Dünyaya yayılan her şeyde olduğu gibi, işle ilgili bu terimler de zamanla büyüdü ve şekil değiştirdi. Yanlış yorumlandılar ve hatta orijinal anlamlarıyla yanlış hizalandılar. Tanımları kesin değildir ve değişkendir ve kelimelerin kendileri muhtemelen bazen anlamsızlık noktasına kadar aşırı kullanılmıştır.

Örneğin sessizce bırakma, temel görevlerinizi yerine getirmeye bir referans olarak başladı ve başka bir şey değil, ancak zamanla yönetici sınıf tarafından işçilerin kaytarması olarak yorumlanır. “Büyük İstifa” teriminin kısalığı, birçok kişinin insanların işlerini sadece kaçmak için bıraktıklarını varsaymasına neden oldu, oysa gerçek şu ki çoğu bunu daha iyi bir iş bulmak için yapıyordu. Ayrıca işini bırakanların çoğunun bunu tehlikeli bir pandeminin ortasında erken emekli olmak için yaptığını da gözden kaçırdı.
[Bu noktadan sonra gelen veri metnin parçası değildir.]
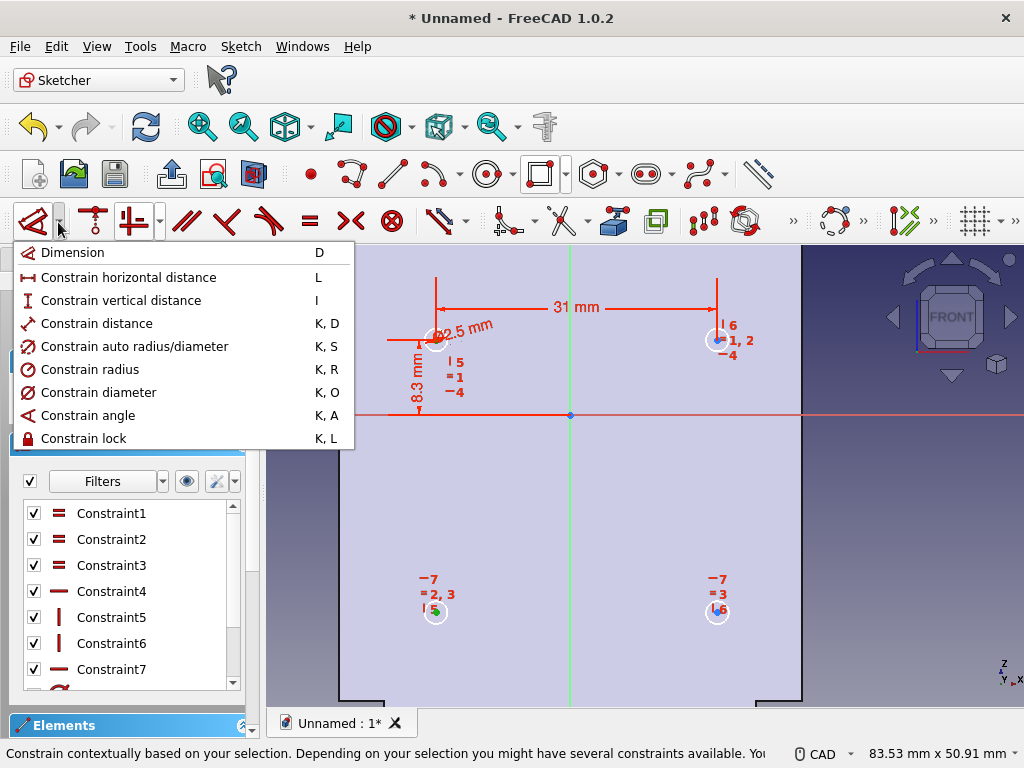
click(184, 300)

Harvard’dan Fuller’ın belirttiği gibi, “Her birinin altında gerçek fenomenler var, ancak başlık türü, gerçekte neler olup bittiğinin nüansını yakalamıyor.”

Ancak kaba hatlarıyla bile bu terimler insanlara ilham verebilir. Geçtiğimiz birkaç yıl, başka iş biçimleri bulmak, aileyle vakit geçirmek ve kruvasan pişirmek gibi daha anlamlı şeyler peşinde koşmak için ruh ezici işlerini bırakan insanların hikayeleriyle dolu. “Tükenmişlik” gibi şeyler etrafında kullanılan dil, Amerikalıların iş ile olan zehirli ilişkilerinden kurtulmasına yardımcı oldu ve diğerlerini sendikalaşmaya ve işlerini daha iyi hale getirmeye teşvik etti.

Bu tür küstah terimler, iş yeri güvenliği ve adil tazminat gibi konularda gerçek endişeleri önemsizleştirme yeteneğine de sahiptir. İşverenler, en kötü dürtülerini haklı çıkarmak için tuş vuruşlarını takip etmek veya çalışanları baltalamayı haklı çıkarmanın bir yolu olarak performans incelemeleri başlatmak gibi sessizce işi bırakmak gibi terimler alabilirler.

Ancak bu, bir sonraki “sessiz X-ing”i veya yeni “Harika X”i bulmaya çalışmayacağımız anlamına gelmez. İş yerindeki gerçek sorunlar devam ediyor.

Devam edecek olan şey, kabul etsek de etmesek de bu terimler hakkında konuşma eğilimimizdir.

Sessiz işe alma şöhretinden McRae, “Aslında bu geri itme, tepki ve tepki olduğunu gerçekten takdir ediyorum” dedi. “Çünkü bu, insanların onu gerçekten sorguladığı ve tamamen onunla koşmadığı anlamına geliyor.”

Güncelleme, 12 Ocak 17:00: Bu hikaye, sessiz işe alımla ilgili yeni bir Monster anketinden elde edilen verilerle güncellendi.